Problem description ▸ Reproduce, exactly and in full, only the lines below from the one containing "Selector: the wood block [270,109,367,306]." through the one containing "rotation: [roll, pitch, yaw]".

Stored data ▸
▽

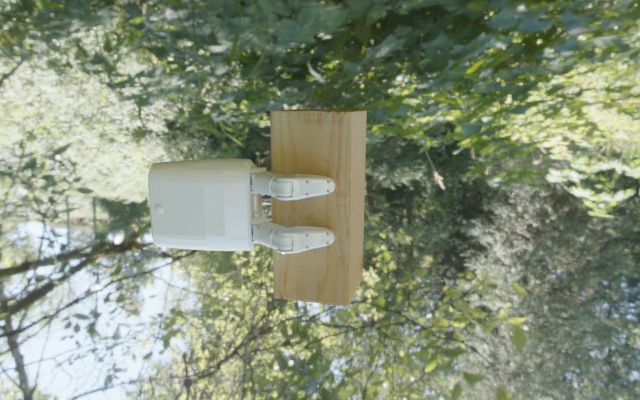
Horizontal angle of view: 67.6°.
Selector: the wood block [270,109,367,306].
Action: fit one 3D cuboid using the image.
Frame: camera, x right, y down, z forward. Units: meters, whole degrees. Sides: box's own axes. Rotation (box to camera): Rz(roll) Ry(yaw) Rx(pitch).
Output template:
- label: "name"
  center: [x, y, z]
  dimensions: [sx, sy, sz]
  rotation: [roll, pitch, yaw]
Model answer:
- label: "wood block"
  center: [0.000, 0.002, 0.542]
  dimensions: [0.090, 0.206, 0.091]
  rotation: [3, 13, 14]

△

Exercise result ▸
Selector: the wood block [270,109,367,306].
Action: fit one 3D cuboid using the image.
Frame: camera, x right, y down, z forward. Units: meters, whole degrees. Sides: box's own axes. Rotation (box to camera): Rz(roll) Ry(yaw) Rx(pitch).
Output template:
- label: "name"
  center: [x, y, z]
  dimensions: [sx, sy, sz]
  rotation: [roll, pitch, yaw]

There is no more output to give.